TRE DI QUATTRO - Alla ricerca di un equilibrio tattico, Sarri ha trascurato almeno in parte la ricchezza del suo organico. In attacco ha 4 giocatori che si dividono le qualifiche di fuoriclasse, campioni, fenomeni, e sono Higuain, Cristiano Ronaldo, Dybala e Douglas Costa. Ora, saranno anche discorsi da bar come dice il tecnico di Figline, ma almeno tre di questi quattro devono giocare. A meno che, senza di loro (senza due di loro), la Juve non sia una squadra spettacolo. Siccome adesso non lo è (e in questa stagione lo è stata poche volte), allora largo ai fuoriclasse-campioni-fenomeni.

JUVE SCIALBA E LENTA - Con gli occhi pieni di Liverpool-Manchester City sapevamo che Juventus-Milan non avrebbe mai raggiunto lo spettacolo della sfida inglese, non ne avrebbe mai sfiorato il ritmo, la velocità e l’intensità, ma qualcosa di più, qualcosa di meglio era legittimo aspettarsi. Soprattutto dalla Juventus. Il primo tempo dei bianconeri è stato pari a niente. Niente gioco, niente corsa, niente di niente. Se a Mosca questa squadra aveva vinto deludendo, nei primi 45' contro il Milan ha fatto ancora peggio. Zero o quasi Ronaldo (una conclusione centrale parata di nessuna difficoltà per Donnarumma), poco Higuain (un tiro deviato in angolo con i piedi dal portiere della Nazionale), un paio di accelerazioni di Cuadrado, un tiro alto di Bernardeschi che Sarri continua a impiegare come trequartista senza ottenere benefici per la squadra e per il giocatore stesso.

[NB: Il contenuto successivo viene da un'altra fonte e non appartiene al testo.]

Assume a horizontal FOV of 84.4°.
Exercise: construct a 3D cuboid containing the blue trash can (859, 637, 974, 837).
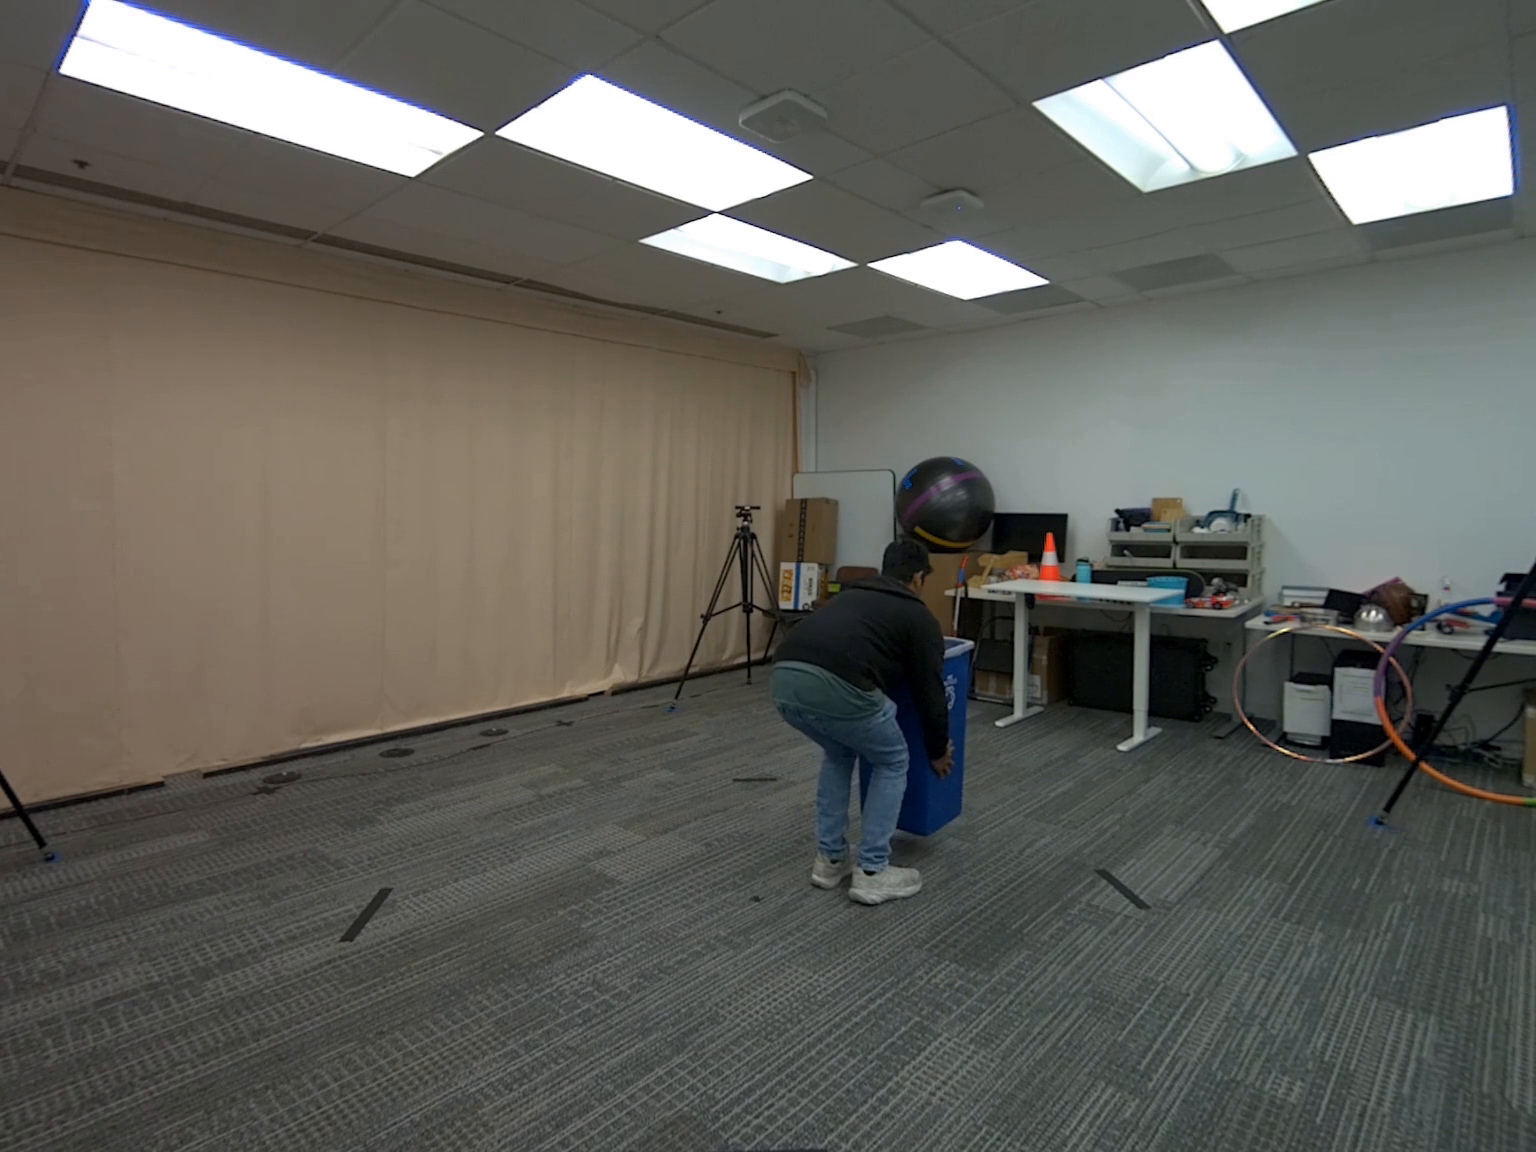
[{"bbox_3d":[0.592,0.616,3.398,0.391,0.711,0.363,5,8,40],"label":"blue trash can"}]
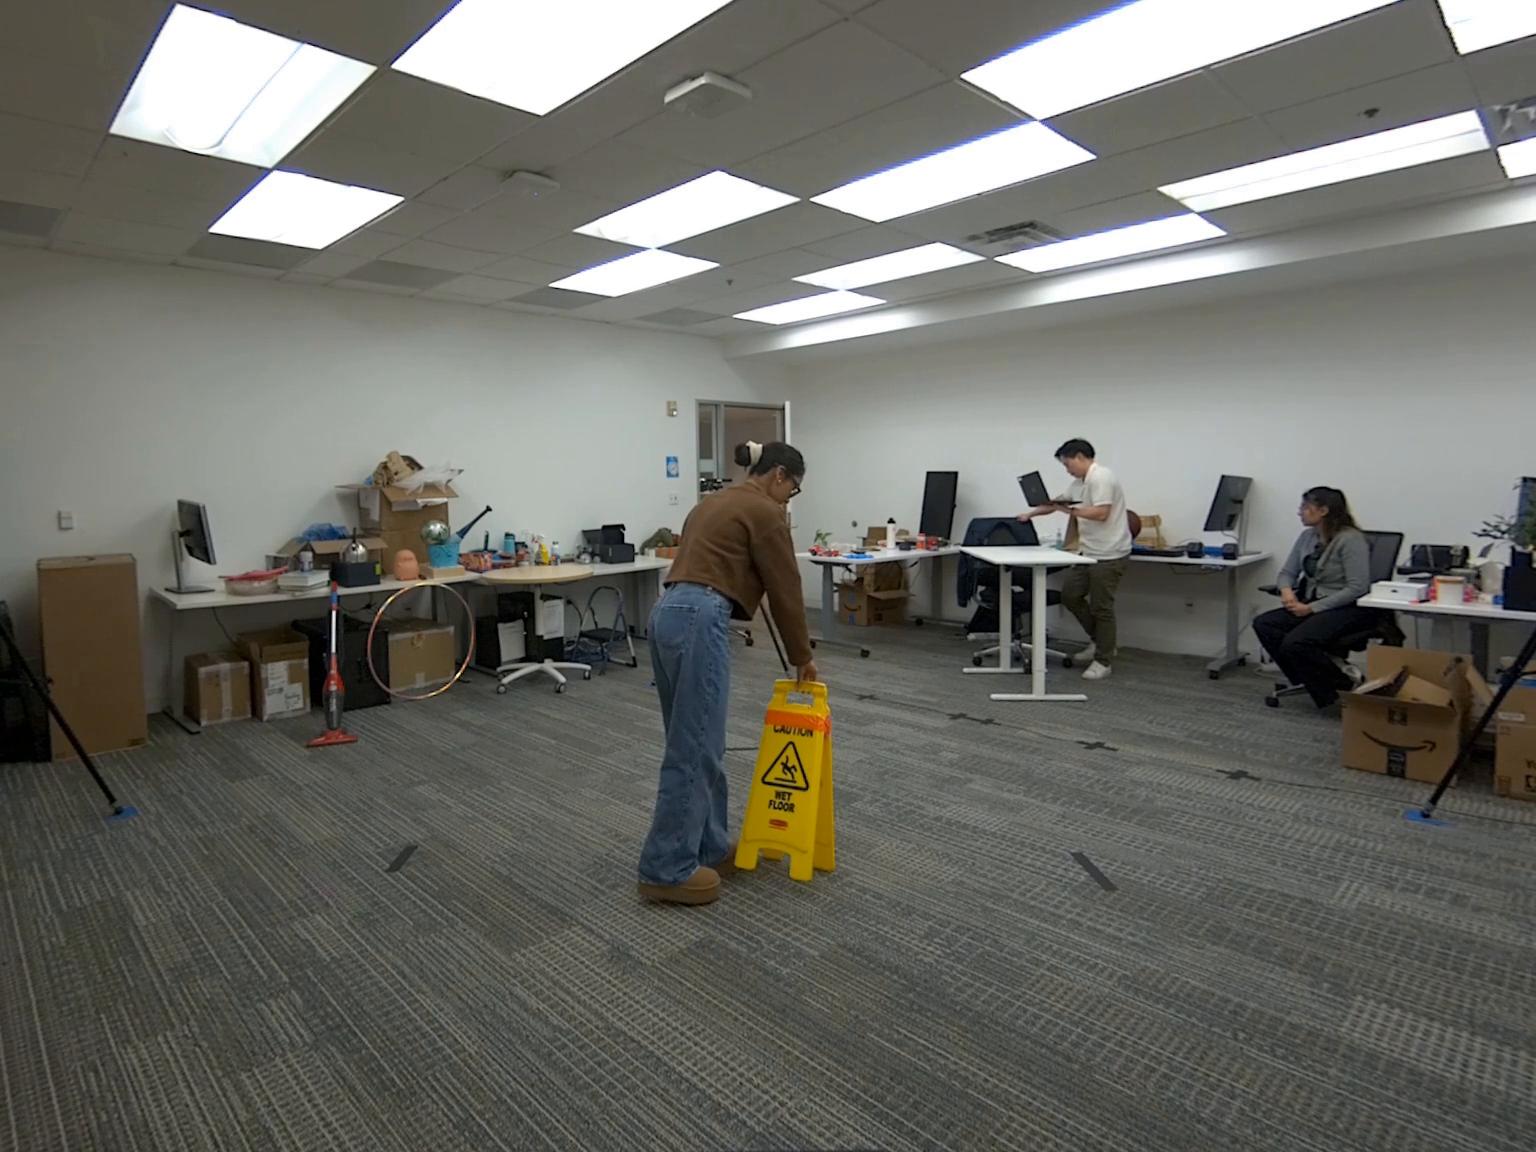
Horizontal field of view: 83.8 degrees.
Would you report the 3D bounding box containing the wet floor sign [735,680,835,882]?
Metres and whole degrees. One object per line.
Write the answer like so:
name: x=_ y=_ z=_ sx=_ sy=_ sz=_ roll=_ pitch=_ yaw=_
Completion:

MEGLIO IL MILAN - Se si pensa che negli ultimi 10 campionati la Juve ha fatto 206 punti in più del Milan significa che l’abisso di questo distacco, un tempo inesistente, non nasce adesso e infatti soprattutto nella prima parte della gara non si è vista questa differenza. O meglio, una differenza c’è stata, ma a favore del Milan che ha avuto quattro occasioni per segnare, due delle quali notevolissime. La prima con Piatek (colpo di testa in piena libertà, ma palla fuori), la seconda con Paquetà (altro colpo di testa, su cross di Conti, con Szczesny che ha tolto la palla dall’incrocio dei pali), la terza con Hernandez (botta dalla distanza, altra deviazione del portiere polacco), infine la quarta di nuovo con Piatek (diagonale respinto da Szczesny). Il Milan giocava discretamente, con personalità e buona tecnica. La Juve no. La squadra di Pioli vinceva quasi tutti i duelli diretti: Bennacer meglio di Bernardeschi, Paquetà nettamente meglio di Matuidi, Krunic teneva a freno Bentancur, Conti chiudeva lo spazio a Ronaldo e la coppia Duarte-Romagnoli non temeva troppo Higuain.

POI DYBALA... - Sarri ha preso la decisione giusta, ha tolto Ronaldo (che se n'è andato rabbioso e livido) e messo Dybala, il giocatore che quando vede il Milan diventa un toro. Dybala è entrato nella difesa rossonera come se avesse una lama ai piedi, ha chiesto il triangolo a Higuain, ha saltato Romagnoli (che si è opposto male col corpo) e segnato di destro. Era il suo 7° gol contro il Milan in Serie A, contro nessun’altra squadra ha fatto meglio. Era in campo anche Douglas Costa, che aveva dato il via all’azione. Il Milan ha ripreso ad attaccare nel finale ma Szczesny ha risposto bene. I tre punti sono del portiere polacco almeno quanto lo sono di Dybala. In fondo ci restava un dubbio, o meglio, una vaga sensazione: se il Milan avesse avuto Mandzukic, il quinto ed ora escluso attaccante della Juve, forse questa partita non l’avrebbe persa.